Roger Ebert of the Chicago Sun-Times rated the film 1½ stars and called it "an anthology of cliches" and "a thriller that thrills us only if we abandon all common sense." He added, "Of course preposterous things happen in all thrillers, but there must be at least a gesture in the direction of plausibility, or we lose patience."[3]

Edward Guthmann of the San Francisco Chronicle said, "As haunted-house thrillers go, Cold Creek Manor is more ludicrous than the average but at the same time more handsomely produced. Hokum with a big-budget gloss, it's a simple, formulaic nail-biter . . . The script . . . grafts from every possible thriller - most of which had pilfered their predecessors - and loads on implausibilities until we wonder why the actors play it seriously."[4]

Peter Travers of Rolling Stone rated the film one star and commented, "It's sad to see risk-taking director Mike Figgis do a generic thriller for a paycheck and then not even screw with the rules . . . the only things haunting this movie are cliches."[5]

Steve Persall of the St. Petersburg Times graded the film D and thought "all this bad acting and run-of-the-thrill dialogue might be entertaining if something would just happen besides a silly snake scare and a wan truck chase. The movie plays like an all-star episode of This Old House for the first hour, a telenovela for the next 30 minutes, then, finally, a hack boogeyman flick in the last reel. This isn't a movie, it's channel surfing."[6]

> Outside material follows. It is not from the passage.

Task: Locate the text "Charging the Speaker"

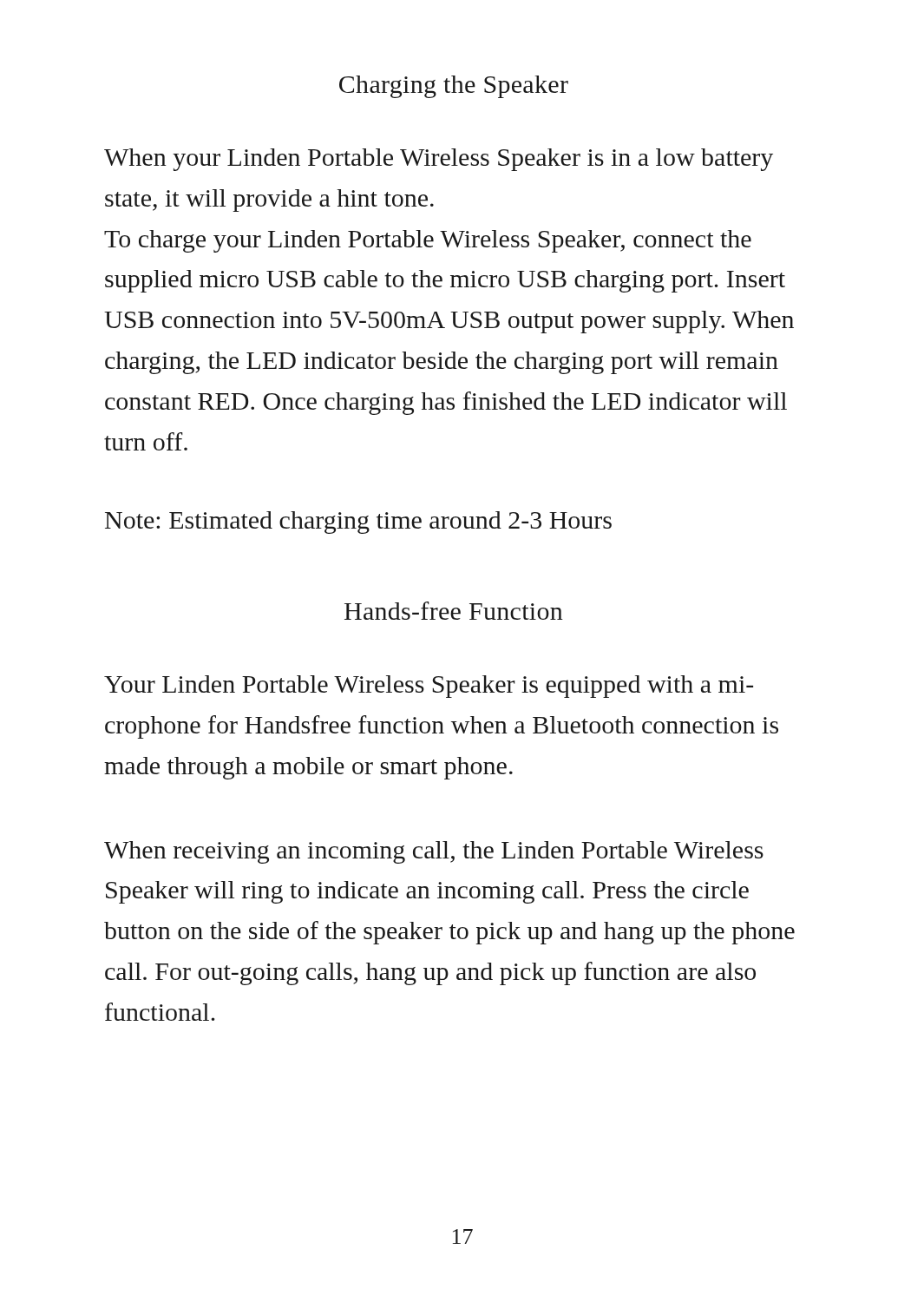Action: click(x=453, y=84)
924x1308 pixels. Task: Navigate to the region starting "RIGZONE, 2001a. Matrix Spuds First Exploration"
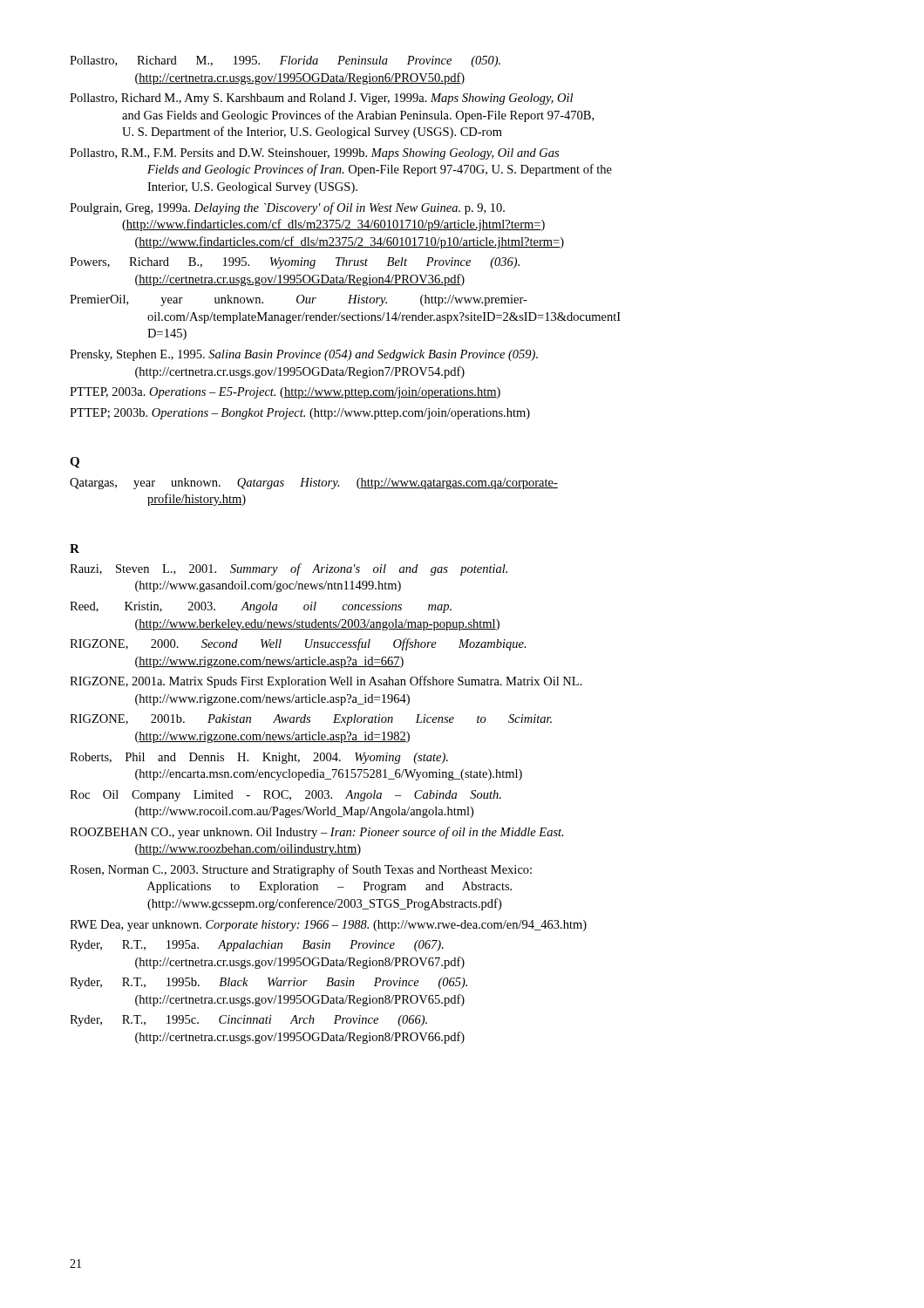326,690
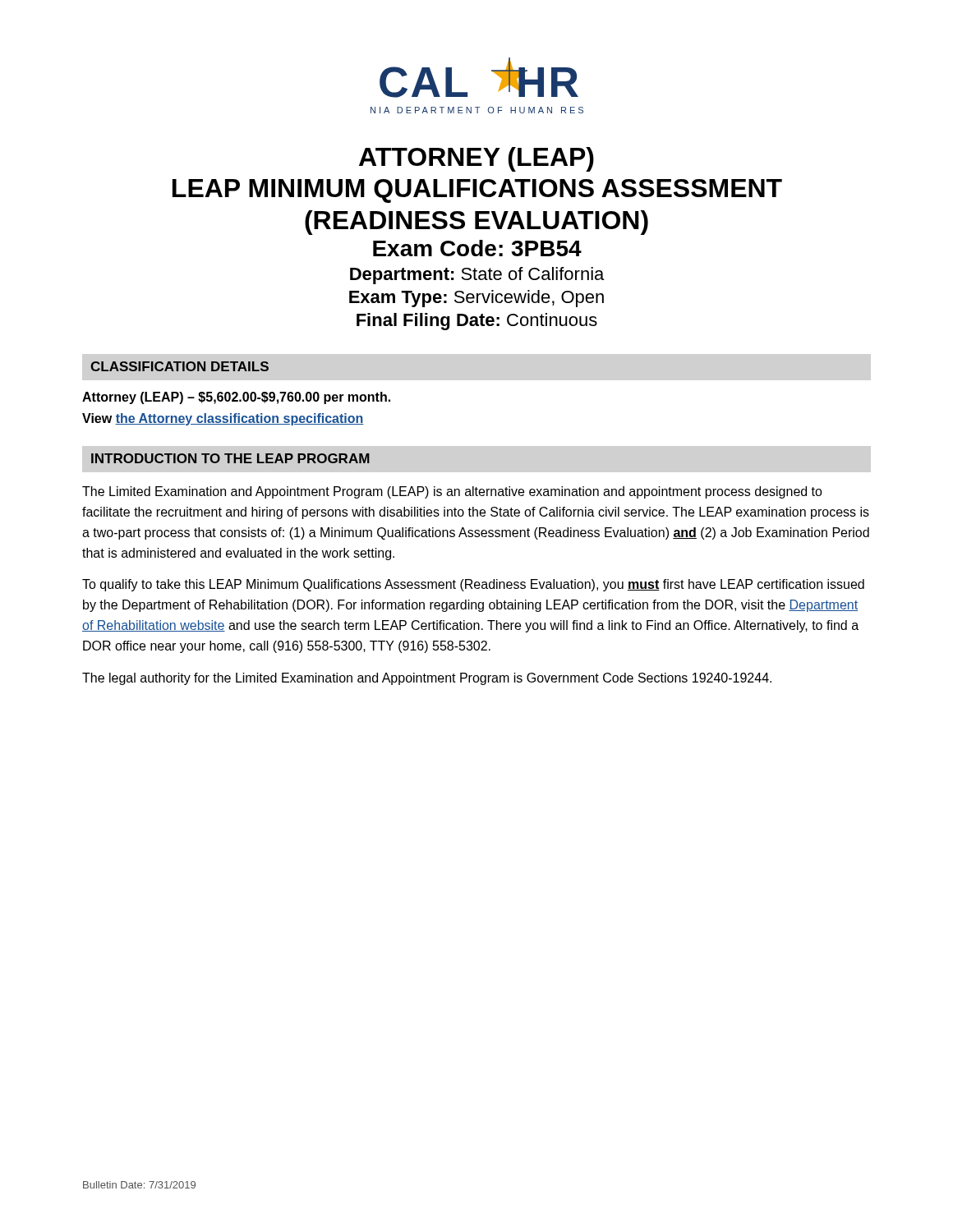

Todd McCarthy of Variety called the film "a woefully predictable imperiled-yuppie-family-under-siege suspenser that hardly seems worth the attention of its relatively high-profile participants. Taking a break from his multiple-perspective digicam experiments, helmer Mike Figgis displays at best a half-hearted interest in delivering the commercial genre goods, while Dennis Quaid and Sharon Stone fish in vain to find any angles to play in their dimension-free characters."[7]

[edit] Box office

The film opened in 2,035 theaters in the United States on September 19, 2003 and grossed $8,190,574 in its opening weekend, ranking #5 at the box office behind Underworld, Secondhand Lions, The Fighting Temptations, and Once Upon a Time in Mexico. It eventually earned $21,386,011 in the US and $7,733,423 in foreign markets for a total worldwide box office of $29,119,434.[1]

[edit] DVD release

Buena Vista Home Entertainment released the film on Region 1 DVD on March 2, 2004. It is in anamorphic widescreen format with audio tracks in English and French and subtitles in Spanish. Bonus features include commentary with director Mike Figgis; deleted scenes and an alternate ending; Rules of the Game, in which Figgis discusses the components of a psychological thriller; and Cooper's Documentary, in which he discusses the process of making the film within the film.